[Records from a collection]
+++++

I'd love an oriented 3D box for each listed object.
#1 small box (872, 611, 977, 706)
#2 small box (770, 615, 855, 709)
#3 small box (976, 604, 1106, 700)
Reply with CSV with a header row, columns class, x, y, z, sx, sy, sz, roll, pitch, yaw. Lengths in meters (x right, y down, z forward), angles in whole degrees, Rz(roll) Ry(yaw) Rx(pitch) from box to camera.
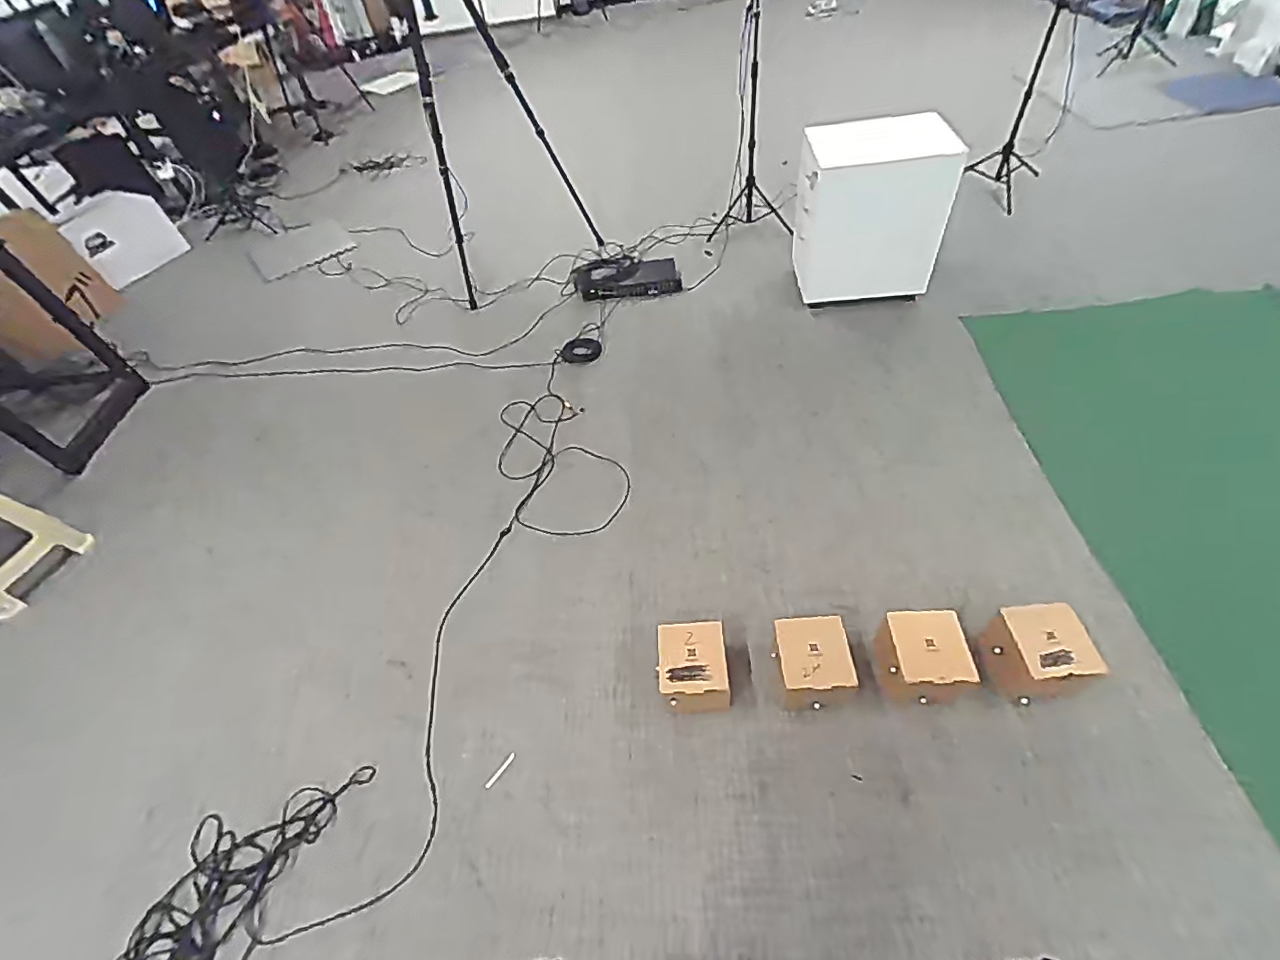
class,x,y,z,sx,sy,sz,roll,pitch,yaw
small box,0.691,0.442,1.338,0.168,0.176,0.179,-3,51,6
small box,0.424,0.460,1.360,0.168,0.176,0.179,-5,51,6
small box,0.958,0.423,1.312,0.168,0.176,0.179,-5,50,4
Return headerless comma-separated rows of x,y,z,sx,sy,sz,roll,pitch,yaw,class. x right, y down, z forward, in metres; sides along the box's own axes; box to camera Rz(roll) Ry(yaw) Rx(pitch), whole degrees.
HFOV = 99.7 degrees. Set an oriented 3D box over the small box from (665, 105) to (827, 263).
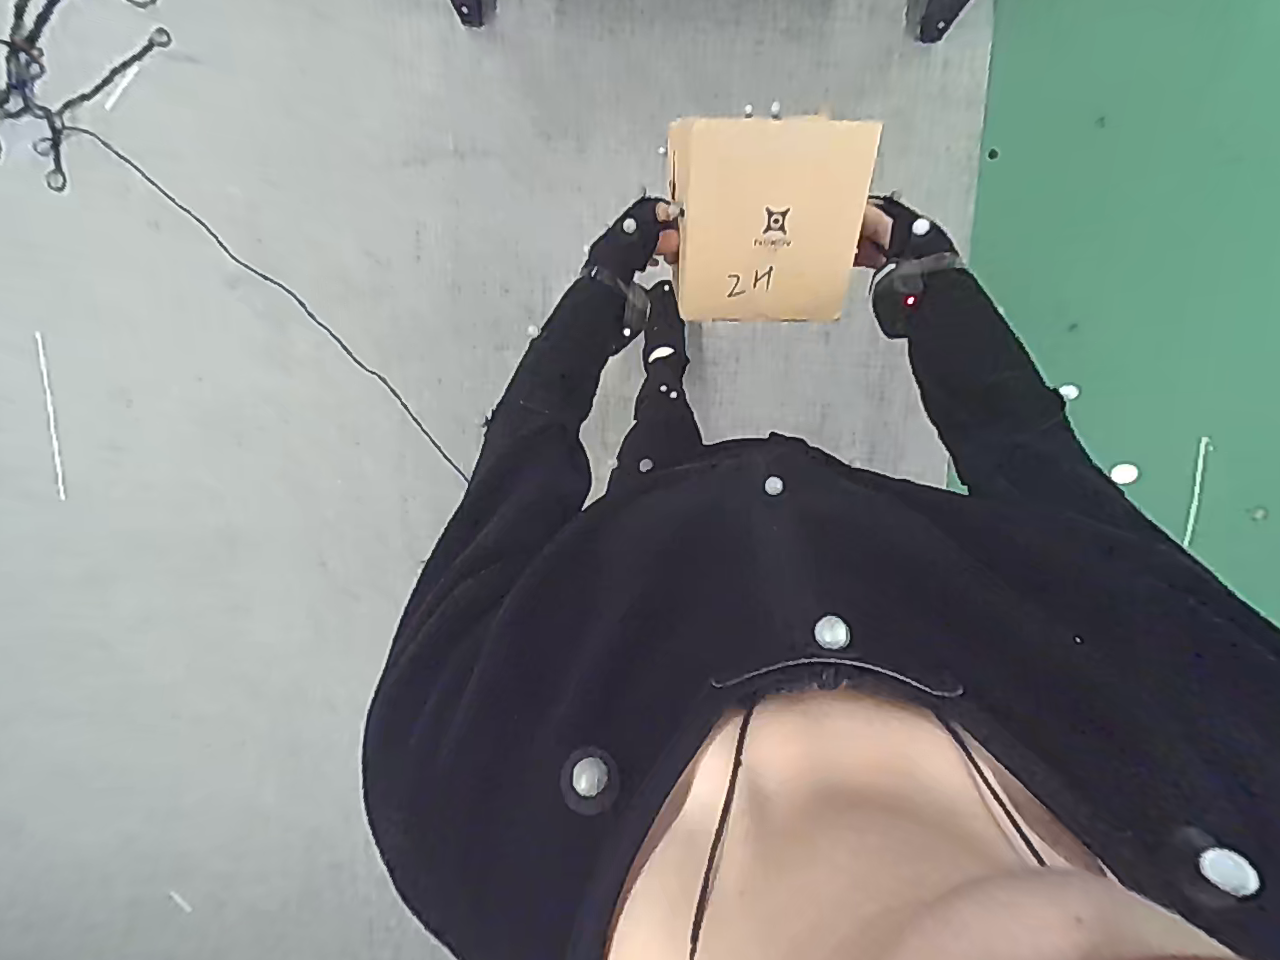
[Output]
0.122,-0.384,0.705,0.179,0.176,0.168,-1,123,1,small box

+++++

# Task description:
Lines from the one containing "Return headerless comma-separated" through the final line of the entries above are to be retyped exactly, with every picture left out.

# Result of the exercise:
Return headerless comma-separated rows of x,y,z,sx,sy,sz,roll,pitch,yaw,class. x right, y down, z forward, in metres; sides along the box's own axes; box to camera Rz(roll) Ry(yaw) Rx(pitch), whole degrees.
HFOV = 99.7 degrees. Set an oriented 3D box over the small box from (665, 105) to (827, 263).
[Output]
0.122,-0.384,0.705,0.179,0.176,0.168,-1,123,1,small box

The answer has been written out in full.